====== Data under study

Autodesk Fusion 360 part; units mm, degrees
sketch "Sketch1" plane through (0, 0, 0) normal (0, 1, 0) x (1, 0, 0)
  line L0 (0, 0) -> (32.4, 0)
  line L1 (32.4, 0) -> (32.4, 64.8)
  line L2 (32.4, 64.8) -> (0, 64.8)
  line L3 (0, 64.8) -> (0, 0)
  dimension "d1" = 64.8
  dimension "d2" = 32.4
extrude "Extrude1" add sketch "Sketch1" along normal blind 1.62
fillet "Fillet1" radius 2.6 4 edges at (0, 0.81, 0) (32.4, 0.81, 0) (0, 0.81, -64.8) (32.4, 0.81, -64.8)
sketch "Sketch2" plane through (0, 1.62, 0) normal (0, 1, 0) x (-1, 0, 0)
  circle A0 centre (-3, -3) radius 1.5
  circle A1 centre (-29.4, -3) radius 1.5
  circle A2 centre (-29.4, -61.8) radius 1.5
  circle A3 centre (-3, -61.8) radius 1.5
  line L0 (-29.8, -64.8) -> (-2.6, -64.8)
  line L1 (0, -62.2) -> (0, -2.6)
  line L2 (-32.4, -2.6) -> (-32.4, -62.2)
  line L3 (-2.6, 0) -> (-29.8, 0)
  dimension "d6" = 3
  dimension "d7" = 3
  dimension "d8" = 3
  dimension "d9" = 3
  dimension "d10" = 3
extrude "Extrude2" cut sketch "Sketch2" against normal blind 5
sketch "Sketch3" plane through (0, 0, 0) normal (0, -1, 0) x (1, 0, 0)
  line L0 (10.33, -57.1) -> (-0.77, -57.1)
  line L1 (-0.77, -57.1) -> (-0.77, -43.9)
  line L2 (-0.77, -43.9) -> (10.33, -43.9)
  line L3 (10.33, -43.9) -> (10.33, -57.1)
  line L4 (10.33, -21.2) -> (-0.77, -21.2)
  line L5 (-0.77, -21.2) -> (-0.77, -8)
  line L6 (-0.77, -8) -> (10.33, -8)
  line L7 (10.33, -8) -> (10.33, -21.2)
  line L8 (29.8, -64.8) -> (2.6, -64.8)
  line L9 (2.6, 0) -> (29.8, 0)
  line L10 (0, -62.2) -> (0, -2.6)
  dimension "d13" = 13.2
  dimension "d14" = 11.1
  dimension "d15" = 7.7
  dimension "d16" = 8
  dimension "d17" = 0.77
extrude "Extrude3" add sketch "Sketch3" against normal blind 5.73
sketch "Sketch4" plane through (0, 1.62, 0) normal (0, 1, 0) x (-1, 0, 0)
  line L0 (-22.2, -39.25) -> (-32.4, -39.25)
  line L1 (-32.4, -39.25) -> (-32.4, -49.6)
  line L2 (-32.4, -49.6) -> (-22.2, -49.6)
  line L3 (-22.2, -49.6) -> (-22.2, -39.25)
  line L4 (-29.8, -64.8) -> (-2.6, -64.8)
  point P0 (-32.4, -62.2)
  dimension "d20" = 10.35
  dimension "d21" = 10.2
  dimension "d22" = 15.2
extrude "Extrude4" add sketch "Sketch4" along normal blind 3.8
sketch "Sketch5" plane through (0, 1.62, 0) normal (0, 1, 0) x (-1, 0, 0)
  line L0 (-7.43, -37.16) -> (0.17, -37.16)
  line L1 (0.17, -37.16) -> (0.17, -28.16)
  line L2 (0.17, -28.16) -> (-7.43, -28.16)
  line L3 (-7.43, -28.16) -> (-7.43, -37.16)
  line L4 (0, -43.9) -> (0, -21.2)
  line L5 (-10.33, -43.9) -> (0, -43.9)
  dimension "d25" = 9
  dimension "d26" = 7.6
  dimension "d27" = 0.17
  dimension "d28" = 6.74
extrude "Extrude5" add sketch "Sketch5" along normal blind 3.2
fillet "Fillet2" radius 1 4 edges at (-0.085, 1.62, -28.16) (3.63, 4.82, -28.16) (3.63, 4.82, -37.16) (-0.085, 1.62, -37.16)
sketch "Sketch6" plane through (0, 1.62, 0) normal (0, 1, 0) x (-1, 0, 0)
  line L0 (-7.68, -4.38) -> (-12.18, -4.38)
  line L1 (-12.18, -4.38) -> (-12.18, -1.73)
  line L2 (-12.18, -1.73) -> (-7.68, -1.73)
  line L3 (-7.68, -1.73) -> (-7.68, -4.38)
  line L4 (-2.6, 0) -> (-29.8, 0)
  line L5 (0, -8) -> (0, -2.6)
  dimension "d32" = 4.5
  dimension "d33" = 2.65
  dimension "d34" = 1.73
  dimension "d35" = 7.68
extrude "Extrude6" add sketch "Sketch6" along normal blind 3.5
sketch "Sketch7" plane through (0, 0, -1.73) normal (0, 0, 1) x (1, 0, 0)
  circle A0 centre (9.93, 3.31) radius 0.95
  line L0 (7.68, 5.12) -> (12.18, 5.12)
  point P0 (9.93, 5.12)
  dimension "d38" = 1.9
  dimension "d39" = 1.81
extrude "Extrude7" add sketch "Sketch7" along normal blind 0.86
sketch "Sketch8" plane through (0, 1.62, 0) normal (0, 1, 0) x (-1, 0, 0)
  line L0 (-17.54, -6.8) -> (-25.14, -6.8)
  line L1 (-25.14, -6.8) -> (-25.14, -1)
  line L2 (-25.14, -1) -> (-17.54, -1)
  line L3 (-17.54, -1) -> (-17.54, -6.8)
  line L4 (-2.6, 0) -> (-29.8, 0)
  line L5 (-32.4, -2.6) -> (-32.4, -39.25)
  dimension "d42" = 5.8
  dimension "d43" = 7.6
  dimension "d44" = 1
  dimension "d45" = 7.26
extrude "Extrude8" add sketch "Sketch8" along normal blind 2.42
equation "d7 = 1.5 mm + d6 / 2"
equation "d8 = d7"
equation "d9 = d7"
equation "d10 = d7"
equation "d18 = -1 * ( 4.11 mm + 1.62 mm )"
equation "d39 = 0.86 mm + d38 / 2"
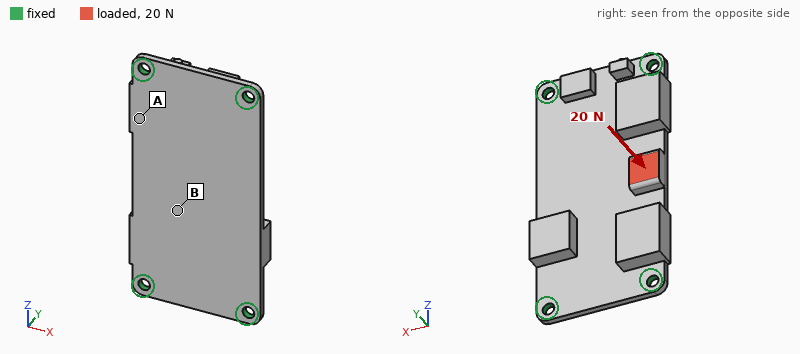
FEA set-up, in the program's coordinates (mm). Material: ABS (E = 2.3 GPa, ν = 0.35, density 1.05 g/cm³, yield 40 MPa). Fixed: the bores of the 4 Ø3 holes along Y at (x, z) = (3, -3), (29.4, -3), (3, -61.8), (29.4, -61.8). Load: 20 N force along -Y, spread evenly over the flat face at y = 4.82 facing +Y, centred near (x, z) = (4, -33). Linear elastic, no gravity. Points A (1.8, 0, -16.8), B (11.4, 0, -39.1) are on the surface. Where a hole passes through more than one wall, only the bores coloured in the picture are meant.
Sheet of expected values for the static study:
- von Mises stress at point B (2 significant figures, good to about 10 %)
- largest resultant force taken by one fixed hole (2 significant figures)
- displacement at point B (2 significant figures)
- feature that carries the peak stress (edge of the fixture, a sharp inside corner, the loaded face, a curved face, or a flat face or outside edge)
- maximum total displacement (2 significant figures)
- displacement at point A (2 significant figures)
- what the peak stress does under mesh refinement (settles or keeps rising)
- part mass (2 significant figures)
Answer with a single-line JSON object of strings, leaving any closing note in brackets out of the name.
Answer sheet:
{"von Mises stress at point B": "5.4 MPa", "largest resultant force taken by one fixed hole": "9.4 N", "displacement at point B": "0.60 mm", "feature that carries the peak stress": "edge of the fixture", "maximum total displacement": "0.81 mm", "displacement at point A": "0.40 mm", "what the peak stress does under mesh refinement": "keeps rising", "part mass": "5.6 g"}
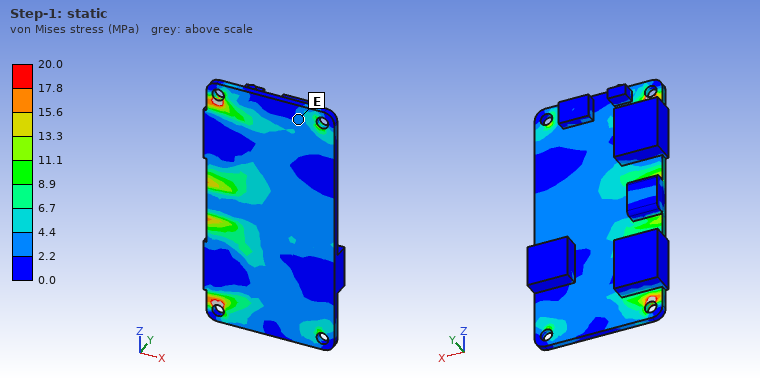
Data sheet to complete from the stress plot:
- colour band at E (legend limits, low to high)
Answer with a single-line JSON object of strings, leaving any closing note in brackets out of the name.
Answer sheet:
{"colour band at E": "2.2 to 4.4 MPa"}
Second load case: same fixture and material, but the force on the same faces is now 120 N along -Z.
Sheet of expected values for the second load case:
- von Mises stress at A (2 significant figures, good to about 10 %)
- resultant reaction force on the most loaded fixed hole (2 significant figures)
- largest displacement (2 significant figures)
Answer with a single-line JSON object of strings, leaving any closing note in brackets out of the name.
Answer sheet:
{"von Mises stress at A": "2.3 MPa", "resultant reaction force on the most loaded fixed hole": "44 N", "largest displacement": "0.43 mm"}
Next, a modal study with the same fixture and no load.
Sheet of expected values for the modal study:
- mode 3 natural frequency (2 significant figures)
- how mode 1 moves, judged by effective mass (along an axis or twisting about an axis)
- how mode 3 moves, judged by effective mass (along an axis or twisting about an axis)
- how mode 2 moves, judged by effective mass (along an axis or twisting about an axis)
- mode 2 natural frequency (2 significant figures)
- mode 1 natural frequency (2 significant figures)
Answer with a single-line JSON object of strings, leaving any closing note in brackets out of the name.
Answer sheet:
{"mode 3 natural frequency": "1800 Hz", "how mode 1 moves, judged by effective mass": "along Y", "how mode 3 moves, judged by effective mass": "twisting about X", "how mode 2 moves, judged by effective mass": "twisting about Z", "mode 2 natural frequency": "1200 Hz", "mode 1 natural frequency": "620 Hz"}

============

• Exercise details:
Gather each line in the entries above where the string "against" is found.

• Response to the task:
extrude "Extrude2" cut sketch "Sketch2" against normal blind 5
extrude "Extrude3" add sketch "Sketch3" against normal blind 5.73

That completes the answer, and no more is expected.